Wet Verbetering informatie en ondersteuning bij ongewenste zwangerschap

Reactie

Naam Rutgers (drs. I. van der Vlugt)
Plaats Utrecht
Datum 8 november 2018

Vraag1

Wat is uw algemene reactie op het wetsvoorstel?
Dit wetvoorstel is overbodig, komt niet tegemoet aan een behoefte en doet geen recht aan de realiteit. Het overgrote deel van de vrouwen die bij de huisarts aankloppen voor een afbreking van de zwangerschap heeft haar keuze al gemaakt. 50%-60% van de vrouwen is in 2016 via de de huisarts verwezen naar een abortuskliniek. 45% van de vrouwen met een vroege ongewenste zwangerschap wendt zich direct tot de kliniek voor een overtijdbehandeling (IG&J, 2018).
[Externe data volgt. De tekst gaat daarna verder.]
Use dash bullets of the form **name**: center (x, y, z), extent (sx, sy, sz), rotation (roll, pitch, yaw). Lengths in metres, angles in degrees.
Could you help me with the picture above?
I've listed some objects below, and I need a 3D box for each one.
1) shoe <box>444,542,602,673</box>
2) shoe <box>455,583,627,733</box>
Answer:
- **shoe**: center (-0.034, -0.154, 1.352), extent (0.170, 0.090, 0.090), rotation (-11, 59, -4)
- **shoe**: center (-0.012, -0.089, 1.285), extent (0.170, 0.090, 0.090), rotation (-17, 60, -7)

Het is dan ook onnodig en betuttelend om deze vrouwen te verplichten informatie te verstrekken over alternatieven. Het is aan de arts om in te schatten of een vrouw al dan niet aanvullende informatie nodig heeft. In de WAfZ artikel 5, lid 2 a staat duidelijk dat de vrouw die het voornemen heeft tot afbreking van zwangerschap en zich met een daartoe verstrekkend verzoek tot de arts heeft gewend, wordt bijgestaan, in het bijzonder door het verstrekken van verantwoorde voorlichting over andere oplossingen van haar noodsituatie dan het afbreken van de zwangerschap. Kortom het is de vrouw die hierom zelf moet vragen.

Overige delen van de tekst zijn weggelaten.